- Task item -
Exact transcription of the data below is required, without the images.

** Supplied data follows **

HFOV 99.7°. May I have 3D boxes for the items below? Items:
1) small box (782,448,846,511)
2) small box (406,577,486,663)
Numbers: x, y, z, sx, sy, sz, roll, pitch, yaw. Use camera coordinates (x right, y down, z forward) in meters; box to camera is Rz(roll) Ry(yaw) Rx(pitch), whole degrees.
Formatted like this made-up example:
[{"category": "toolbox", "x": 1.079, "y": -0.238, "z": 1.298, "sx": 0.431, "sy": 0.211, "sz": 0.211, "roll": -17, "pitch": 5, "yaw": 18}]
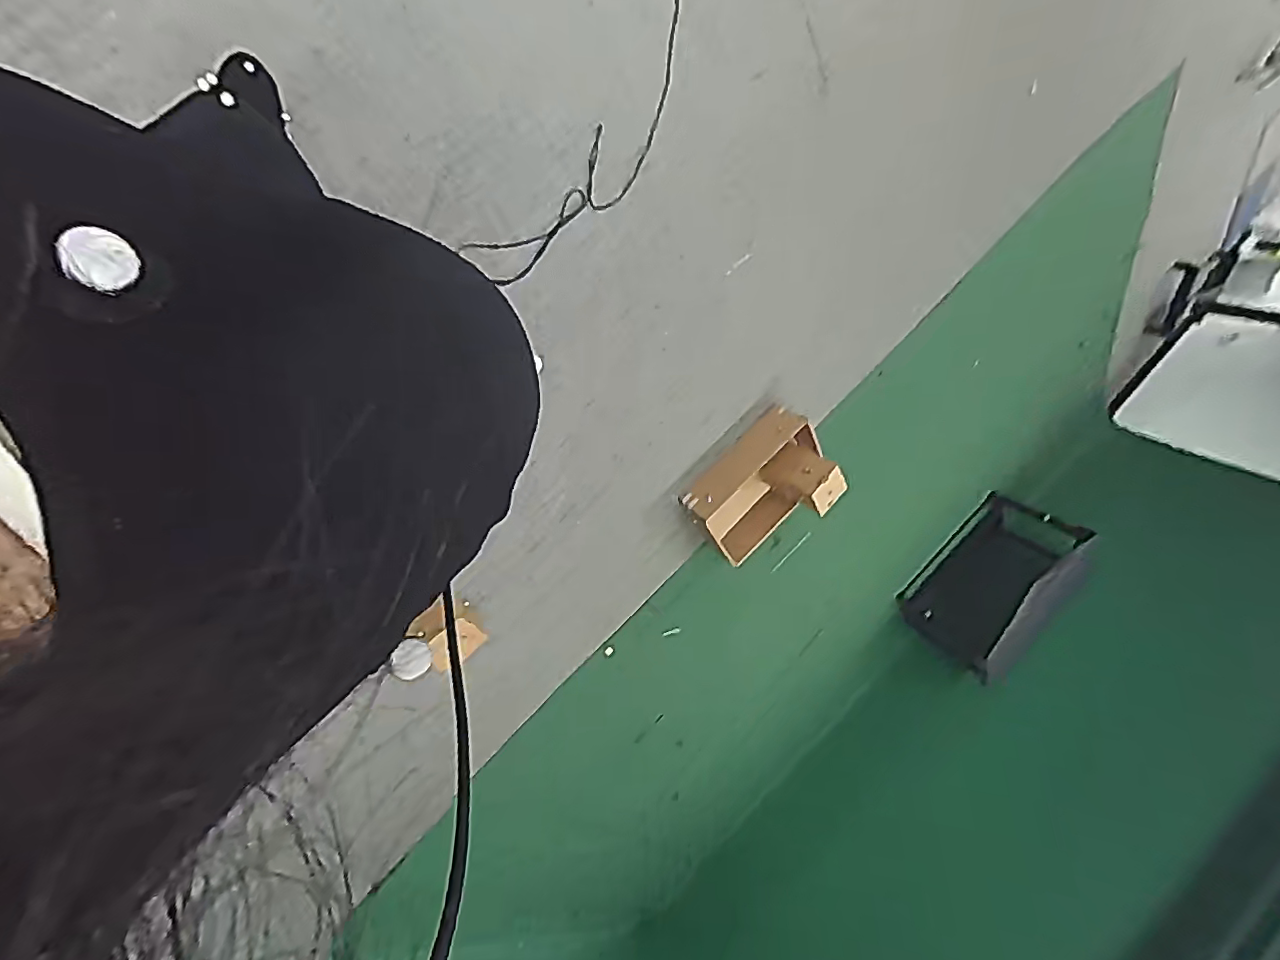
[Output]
[{"category": "small box", "x": 0.714, "y": -0.010, "z": 2.233, "sx": 0.168, "sy": 0.176, "sz": 0.179, "roll": -46, "pitch": 134, "yaw": -4}, {"category": "small box", "x": -0.647, "y": 0.460, "z": 1.788, "sx": 0.179, "sy": 0.176, "sz": 0.168, "roll": -40, "pitch": 135, "yaw": -10}]

** End of Supplied data **

- Solution to this task -
HFOV 99.7°. May I have 3D boxes for the items below? Items:
1) small box (782,448,846,511)
2) small box (406,577,486,663)
Numbers: x, y, z, sx, sy, sz, roll, pitch, yaw. Use camera coordinates (x right, y down, z forward) in meters; box to camera is Rz(roll) Ry(yaw) Rx(pitch), whole degrees.
Formatted like this made-up example:
[{"category": "toolbox", "x": 1.079, "y": -0.238, "z": 1.298, "sx": 0.431, "sy": 0.211, "sz": 0.211, "roll": -17, "pitch": 5, "yaw": 18}]
[Output]
[{"category": "small box", "x": 0.714, "y": -0.010, "z": 2.233, "sx": 0.168, "sy": 0.176, "sz": 0.179, "roll": -46, "pitch": 134, "yaw": -4}, {"category": "small box", "x": -0.647, "y": 0.460, "z": 1.788, "sx": 0.179, "sy": 0.176, "sz": 0.168, "roll": -40, "pitch": 135, "yaw": -10}]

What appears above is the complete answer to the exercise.